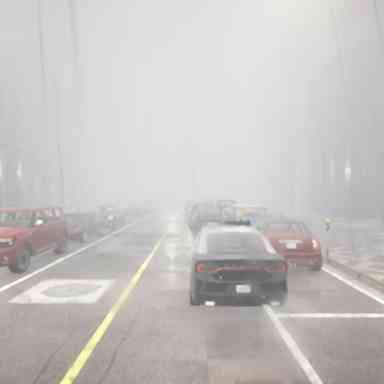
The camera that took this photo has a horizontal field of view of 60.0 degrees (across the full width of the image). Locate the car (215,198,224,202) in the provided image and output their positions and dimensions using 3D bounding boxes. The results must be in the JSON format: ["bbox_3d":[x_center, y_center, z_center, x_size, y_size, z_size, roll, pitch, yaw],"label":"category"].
[{"bbox_3d":[2.734,1.538,28.084,2.192,1.841,5.009,0,0,0],"label":"car"}]

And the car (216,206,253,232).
[{"bbox_3d":[2.740,1.723,22.445,1.887,1.381,4.507,0,0,0],"label":"car"}]

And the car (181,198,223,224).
[{"bbox_3d":[0.623,1.544,24.122,2.097,1.767,4.553,0,0,-5],"label":"car"}]

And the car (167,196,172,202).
[{"bbox_3d":[-5.855,1.994,84.425,2.192,1.841,5.009,0,0,0],"label":"car"}]

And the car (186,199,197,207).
[{"bbox_3d":[-0.072,2.073,63.862,1.994,1.385,4.181,0,0,0],"label":"car"}]

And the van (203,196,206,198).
[{"bbox_3d":[2.715,1.699,44.993,1.690,1.788,3.998,0,0,0],"label":"van"}]

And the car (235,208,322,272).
[{"bbox_3d":[2.753,1.530,11.173,1.967,1.590,4.097,0,0,0],"label":"car"}]

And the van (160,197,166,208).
[{"bbox_3d":[-5.823,1.789,56.245,1.690,1.788,3.998,0,0,0],"label":"van"}]

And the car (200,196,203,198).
[{"bbox_3d":[2.689,2.083,67.538,1.887,1.381,4.507,0,0,0],"label":"car"}]

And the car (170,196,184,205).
[{"bbox_3d":[-3.081,2.174,71.770,1.895,1.301,4.718,0,0,0],"label":"car"}]

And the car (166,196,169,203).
[{"bbox_3d":[-5.830,2.017,61.709,1.752,1.417,4.829,0,0,0],"label":"car"}]

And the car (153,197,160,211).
[{"bbox_3d":[-5.810,1.798,44.971,1.967,1.590,4.097,0,0,0],"label":"car"}]

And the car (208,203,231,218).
[{"bbox_3d":[2.727,1.834,33.718,1.947,1.339,4.313,0,0,0],"label":"car"}]

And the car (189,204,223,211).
[{"bbox_3d":[0.880,1.651,18.242,1.837,1.490,4.892,0,0,0],"label":"car"}]

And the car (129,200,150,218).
[{"bbox_3d":[-5.798,1.819,33.698,2.008,1.369,4.403,0,0,0],"label":"car"}]

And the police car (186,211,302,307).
[{"bbox_3d":[0.891,1.492,8.352,1.930,1.638,5.238,0,0,0],"label":"police car"}]

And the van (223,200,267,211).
[{"bbox_3d":[2.747,1.475,16.810,1.690,1.788,3.998,0,0,0],"label":"van"}]

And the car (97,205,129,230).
[{"bbox_3d":[-5.785,1.619,22.427,1.967,1.590,4.097,0,0,0],"label":"car"}]

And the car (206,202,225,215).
[{"bbox_3d":[2.721,1.879,39.355,1.947,1.339,4.313,0,0,0],"label":"car"}]

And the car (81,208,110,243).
[{"bbox_3d":[-5.779,1.700,16.790,1.947,1.339,4.313,0,0,0],"label":"car"}]

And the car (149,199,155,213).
[{"bbox_3d":[-5.804,1.837,39.164,1.752,1.417,4.829,0,0,0],"label":"car"}]

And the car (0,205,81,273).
[{"bbox_3d":[-5.772,1.404,11.155,2.192,1.841,5.009,0,0,0],"label":"car"}]
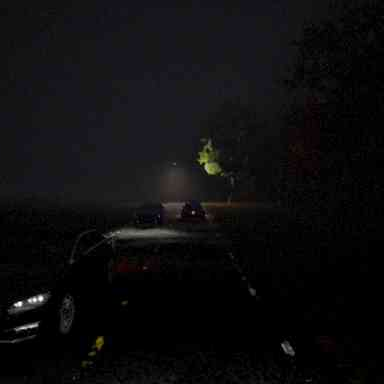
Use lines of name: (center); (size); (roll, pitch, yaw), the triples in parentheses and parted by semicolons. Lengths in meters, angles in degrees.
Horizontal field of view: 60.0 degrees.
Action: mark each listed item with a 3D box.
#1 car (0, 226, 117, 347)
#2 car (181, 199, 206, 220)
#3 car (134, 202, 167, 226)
car: (-2.844, 1.494, 6.677); (2.128, 1.511, 4.902); (0, 0, 0)
car: (0.095, 1.562, 27.773); (1.994, 1.385, 4.181); (0, 0, 0)
car: (-2.851, 1.476, 23.384); (1.882, 1.535, 5.008); (0, 0, 0)

------

TASK TO CARRY OUT →
Pictures are not part of the copy; output everything else in the records exactly.

WORKED SOLUTION →
The camera that took this photo has a horizontal field of view of 60.0 degrees (across the full width of the image). Locate the car (215,198,224,202) in the provided image and output their positions and dimensions using 3D bounding boxes. The results must be in the JSON format: ["bbox_3d":[x_center, y_center, z_center, x_size, y_size, z_size, roll, pitch, yaw],"label":"category"].
[{"bbox_3d":[2.734,1.538,28.084,2.192,1.841,5.009,0,0,0],"label":"car"}]

And the car (216,206,253,232).
[{"bbox_3d":[2.740,1.723,22.445,1.887,1.381,4.507,0,0,0],"label":"car"}]

And the car (181,198,223,224).
[{"bbox_3d":[0.623,1.544,24.122,2.097,1.767,4.553,0,0,-5],"label":"car"}]

And the car (167,196,172,202).
[{"bbox_3d":[-5.855,1.994,84.425,2.192,1.841,5.009,0,0,0],"label":"car"}]

And the car (186,199,197,207).
[{"bbox_3d":[-0.072,2.073,63.862,1.994,1.385,4.181,0,0,0],"label":"car"}]

And the van (203,196,206,198).
[{"bbox_3d":[2.715,1.699,44.993,1.690,1.788,3.998,0,0,0],"label":"van"}]

And the car (235,208,322,272).
[{"bbox_3d":[2.753,1.530,11.173,1.967,1.590,4.097,0,0,0],"label":"car"}]

And the van (160,197,166,208).
[{"bbox_3d":[-5.823,1.789,56.245,1.690,1.788,3.998,0,0,0],"label":"van"}]

And the car (200,196,203,198).
[{"bbox_3d":[2.689,2.083,67.538,1.887,1.381,4.507,0,0,0],"label":"car"}]

And the car (170,196,184,205).
[{"bbox_3d":[-3.081,2.174,71.770,1.895,1.301,4.718,0,0,0],"label":"car"}]

And the car (166,196,169,203).
[{"bbox_3d":[-5.830,2.017,61.709,1.752,1.417,4.829,0,0,0],"label":"car"}]

And the car (153,197,160,211).
[{"bbox_3d":[-5.810,1.798,44.971,1.967,1.590,4.097,0,0,0],"label":"car"}]

And the car (208,203,231,218).
[{"bbox_3d":[2.727,1.834,33.718,1.947,1.339,4.313,0,0,0],"label":"car"}]

And the car (189,204,223,211).
[{"bbox_3d":[0.880,1.651,18.242,1.837,1.490,4.892,0,0,0],"label":"car"}]

And the car (129,200,150,218).
[{"bbox_3d":[-5.798,1.819,33.698,2.008,1.369,4.403,0,0,0],"label":"car"}]

And the police car (186,211,302,307).
[{"bbox_3d":[0.891,1.492,8.352,1.930,1.638,5.238,0,0,0],"label":"police car"}]

And the van (223,200,267,211).
[{"bbox_3d":[2.747,1.475,16.810,1.690,1.788,3.998,0,0,0],"label":"van"}]

And the car (97,205,129,230).
[{"bbox_3d":[-5.785,1.619,22.427,1.967,1.590,4.097,0,0,0],"label":"car"}]

And the car (206,202,225,215).
[{"bbox_3d":[2.721,1.879,39.355,1.947,1.339,4.313,0,0,0],"label":"car"}]

And the car (81,208,110,243).
[{"bbox_3d":[-5.779,1.700,16.790,1.947,1.339,4.313,0,0,0],"label":"car"}]

And the car (149,199,155,213).
[{"bbox_3d":[-5.804,1.837,39.164,1.752,1.417,4.829,0,0,0],"label":"car"}]

And the car (0,205,81,273).
[{"bbox_3d":[-5.772,1.404,11.155,2.192,1.841,5.009,0,0,0],"label":"car"}]
Use lines of name: (center); (size); (roll, pitch, yaw), the triples in parentheses and parted by semicolons. Lengths in meters, angles in degrees.
Horizontal field of view: 60.0 degrees.
Action: mark each listed item with a 3D box.
#1 car (0, 226, 117, 347)
#2 car (181, 199, 206, 220)
#3 car (134, 202, 167, 226)
car: (-2.844, 1.494, 6.677); (2.128, 1.511, 4.902); (0, 0, 0)
car: (0.095, 1.562, 27.773); (1.994, 1.385, 4.181); (0, 0, 0)
car: (-2.851, 1.476, 23.384); (1.882, 1.535, 5.008); (0, 0, 0)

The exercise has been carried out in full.